About this exercise: Word for word, the data below must be repeated in full; no picture is to be included.

Exercise material:
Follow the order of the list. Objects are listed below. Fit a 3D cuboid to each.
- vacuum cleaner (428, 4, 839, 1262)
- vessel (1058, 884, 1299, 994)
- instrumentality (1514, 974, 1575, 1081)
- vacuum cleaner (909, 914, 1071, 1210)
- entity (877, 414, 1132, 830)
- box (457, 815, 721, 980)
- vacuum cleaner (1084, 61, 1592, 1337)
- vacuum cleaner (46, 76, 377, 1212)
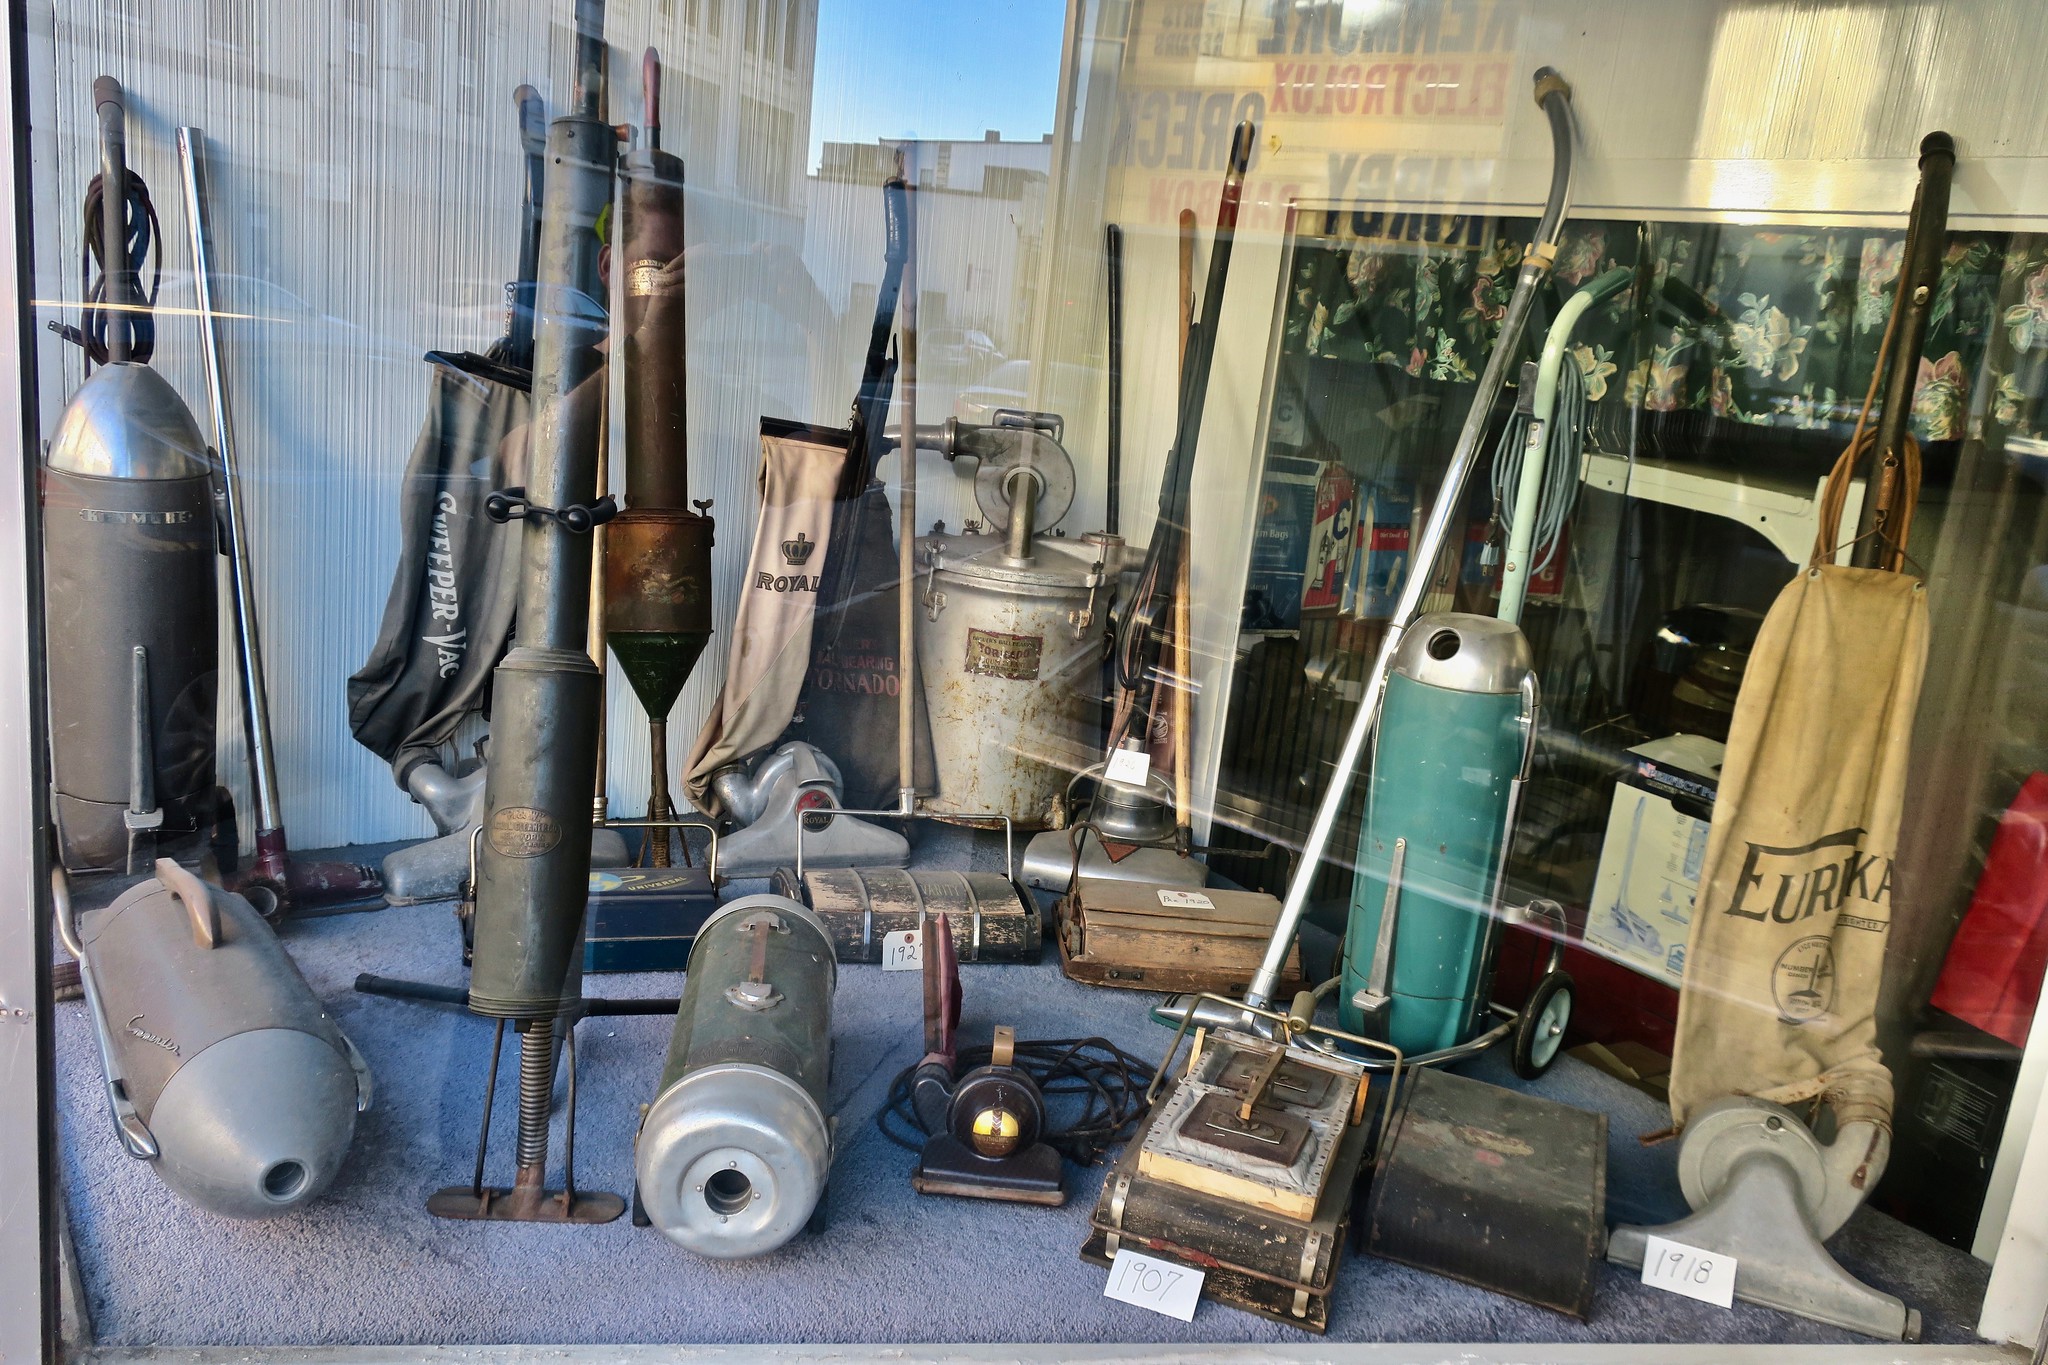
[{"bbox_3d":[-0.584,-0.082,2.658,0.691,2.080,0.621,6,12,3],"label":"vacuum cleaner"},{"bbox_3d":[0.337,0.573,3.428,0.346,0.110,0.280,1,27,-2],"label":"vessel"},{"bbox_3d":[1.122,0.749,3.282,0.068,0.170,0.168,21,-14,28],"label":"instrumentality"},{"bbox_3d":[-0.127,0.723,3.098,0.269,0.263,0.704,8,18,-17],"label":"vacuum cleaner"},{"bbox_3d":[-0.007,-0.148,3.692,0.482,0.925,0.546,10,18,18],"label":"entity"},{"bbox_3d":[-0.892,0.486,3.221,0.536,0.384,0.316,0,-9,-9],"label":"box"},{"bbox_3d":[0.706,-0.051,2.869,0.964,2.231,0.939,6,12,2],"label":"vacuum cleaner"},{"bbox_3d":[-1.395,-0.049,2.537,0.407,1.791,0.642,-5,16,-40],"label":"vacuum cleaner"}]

Solution to this problem:
Follow the order of the list. Objects are listed below. Fit a 3D cuboid to each.
- vacuum cleaner (428, 4, 839, 1262)
- vessel (1058, 884, 1299, 994)
- instrumentality (1514, 974, 1575, 1081)
- vacuum cleaner (909, 914, 1071, 1210)
- entity (877, 414, 1132, 830)
- box (457, 815, 721, 980)
- vacuum cleaner (1084, 61, 1592, 1337)
- vacuum cleaner (46, 76, 377, 1212)
[{"bbox_3d":[-0.584,-0.082,2.658,0.691,2.080,0.621,6,12,3],"label":"vacuum cleaner"},{"bbox_3d":[0.337,0.573,3.428,0.346,0.110,0.280,1,27,-2],"label":"vessel"},{"bbox_3d":[1.122,0.749,3.282,0.068,0.170,0.168,21,-14,28],"label":"instrumentality"},{"bbox_3d":[-0.127,0.723,3.098,0.269,0.263,0.704,8,18,-17],"label":"vacuum cleaner"},{"bbox_3d":[-0.007,-0.148,3.692,0.482,0.925,0.546,10,18,18],"label":"entity"},{"bbox_3d":[-0.892,0.486,3.221,0.536,0.384,0.316,0,-9,-9],"label":"box"},{"bbox_3d":[0.706,-0.051,2.869,0.964,2.231,0.939,6,12,2],"label":"vacuum cleaner"},{"bbox_3d":[-1.395,-0.049,2.537,0.407,1.791,0.642,-5,16,-40],"label":"vacuum cleaner"}]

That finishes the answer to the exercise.